Hydrocarbon Engineering,


API Downstream Group Director Bob Greco has said that the Environmental Protection Agency (EPA) has sent new fuel regulations to the Office of Management and Budget for final review that would raise costs, provide little or no environmental benefit, and actually increase carbon emissions.

‘EPA’s new regulations would raise the cost of making gasoline by as much as 25 cents a gallon,’ Greco said. ‘Pump prices are still high, and this is clearly not the time to add burdensome and unnecessary regulations on gasoline, especially when there are no proven environmental benefits and current regulations are working.’

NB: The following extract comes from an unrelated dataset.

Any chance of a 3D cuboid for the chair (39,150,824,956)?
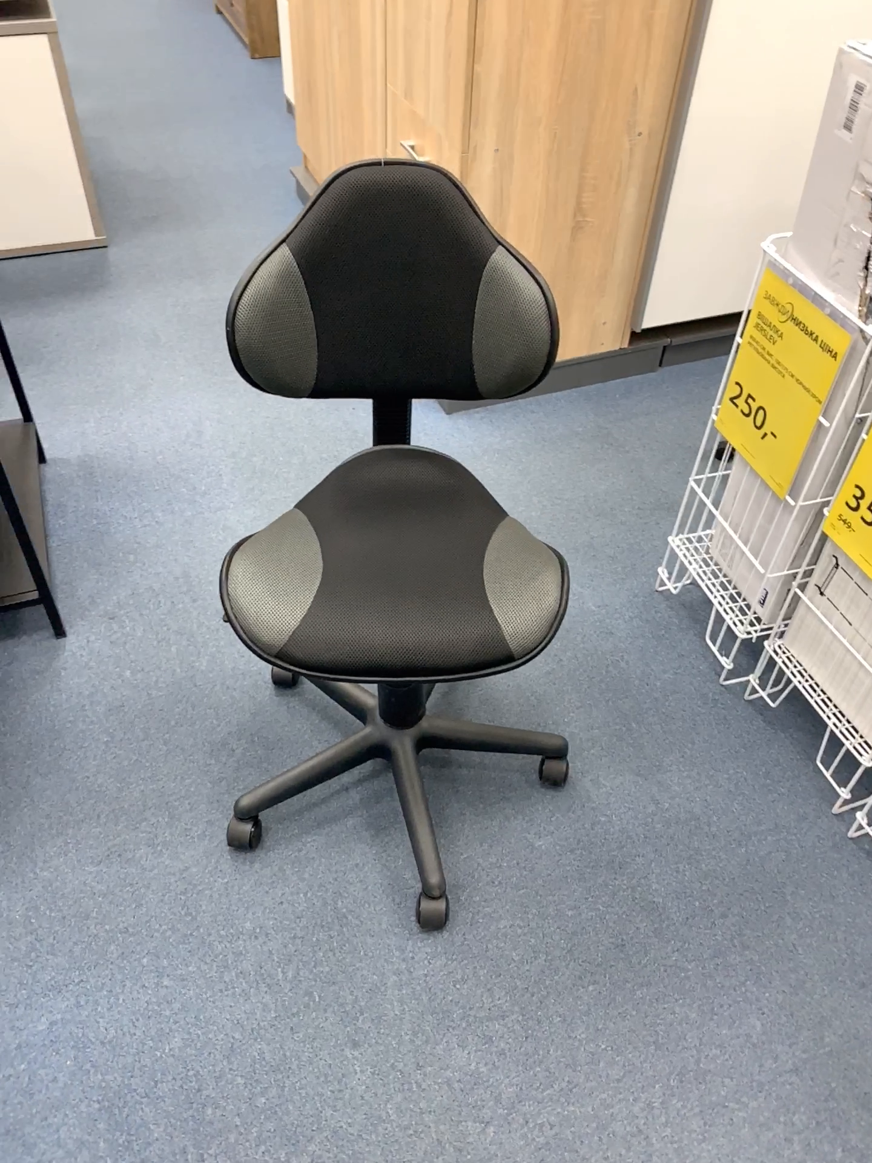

Costs would increase by as much as 25 cents a gallon if EPA includes a vapour pressure reduction requirement, according to a Baker and O’Brien analysis. The Agency considered such a requirement and could still implement it before a final rule is published, even if it is absent from the proposed rulemaking. If EPA’s Tier 3 regulations only reduce sulfur levels, the per gallon cost of making gasoline would increase by up to nine cents, according to another Baker and O’Brien. Greco said that API has urged EPA to do a full cost benefit analysis, with stakeholder input, before moving to a rulemaking.

‘Implementing the new requirements would actually increase greenhouse gas emissions because of the energy intensive equipment required to comply,’ Greco said. ‘We urge the administration to reconsider imposing these new regulations and burdening the already heavily regulated refiners in America. Unnecessary and overly burdensome regulations translate into high costs and lost jobs.’

Adapted from press release by Claira Lloyd.